Boêmio, atleta, bom de papo, frequentador do Cassino da Urca, mas também um dedicado jornalista que tinha como referência os valores éticos e morais herdados do pai Irineu. No fim da década de 1920, Roberto Marinho conciliava a farra com as tarefas do dia a dia na redação de O Globo, onde trabalhava como redator ao lado dos irmãos Ricardo e Rogério.

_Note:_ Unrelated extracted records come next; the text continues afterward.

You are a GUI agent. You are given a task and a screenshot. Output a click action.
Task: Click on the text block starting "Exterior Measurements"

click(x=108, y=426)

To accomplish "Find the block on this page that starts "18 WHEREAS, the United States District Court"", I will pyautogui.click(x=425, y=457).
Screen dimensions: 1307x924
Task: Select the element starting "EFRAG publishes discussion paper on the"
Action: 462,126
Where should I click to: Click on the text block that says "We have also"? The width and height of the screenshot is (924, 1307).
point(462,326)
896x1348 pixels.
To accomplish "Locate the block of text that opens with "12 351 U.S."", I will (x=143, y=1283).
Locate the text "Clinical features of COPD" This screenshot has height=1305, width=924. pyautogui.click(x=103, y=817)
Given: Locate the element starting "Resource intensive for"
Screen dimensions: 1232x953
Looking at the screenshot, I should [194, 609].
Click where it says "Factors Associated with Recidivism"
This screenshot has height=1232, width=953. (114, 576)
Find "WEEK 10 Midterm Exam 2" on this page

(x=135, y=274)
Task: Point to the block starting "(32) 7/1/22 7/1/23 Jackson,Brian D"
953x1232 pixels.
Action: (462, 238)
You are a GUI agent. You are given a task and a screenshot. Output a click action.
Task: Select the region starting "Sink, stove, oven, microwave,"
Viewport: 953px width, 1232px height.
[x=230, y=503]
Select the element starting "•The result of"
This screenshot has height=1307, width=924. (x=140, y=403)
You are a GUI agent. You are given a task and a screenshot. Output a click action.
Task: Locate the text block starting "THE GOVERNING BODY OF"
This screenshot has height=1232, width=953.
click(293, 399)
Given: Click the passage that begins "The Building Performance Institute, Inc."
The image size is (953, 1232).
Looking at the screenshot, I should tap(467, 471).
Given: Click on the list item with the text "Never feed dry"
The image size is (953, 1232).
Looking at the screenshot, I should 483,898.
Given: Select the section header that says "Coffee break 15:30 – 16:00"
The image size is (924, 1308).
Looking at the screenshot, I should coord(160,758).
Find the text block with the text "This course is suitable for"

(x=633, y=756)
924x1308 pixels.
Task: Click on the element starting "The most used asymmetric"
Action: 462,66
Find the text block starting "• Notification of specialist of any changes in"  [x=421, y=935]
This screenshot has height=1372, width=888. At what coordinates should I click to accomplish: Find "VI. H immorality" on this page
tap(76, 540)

Mas era difícil conciliar as responsabilidades em O Globo com o estilo de bon vivant. Em carta à mãe, escrita em 12 de setembro de 1929, de uma fazenda onde se recuperava de excessos da vida boêmia, ele prometia mudar:

“Não sei se desta vez estou realmente cansado da vida agitada... É a primeira vez que te faço promessa escrita, e a esta não faltarei: a de retomar firme o trabalho, evitar os telefonemas exagerados e as demais coisas que possam desprestigiar o Globo. Não quero dar mais a ninguém o ‘gostinho’ de poder fazer comentários maldosos a meu respeito... Se tiveres com o Eurycles, fala sobre a minha permanência na fazenda, a necessidade de descansar de alguns excessos que ultimamente fiz no Rio.”

Roberto Marinho tinha um estilo único, segundo o filho João Roberto: “Era solteirão até os 40 e poucos anos de idade, quando se casou com minha mãe. Morava na Urca, frequentava o Cassino, adorava ir para lá à noite e assistir aos shows. Aos 35 anos, começou a montar cavalos, e, enquanto não estava ali, ganhando as provas, não sossegava. Era um obstinado.”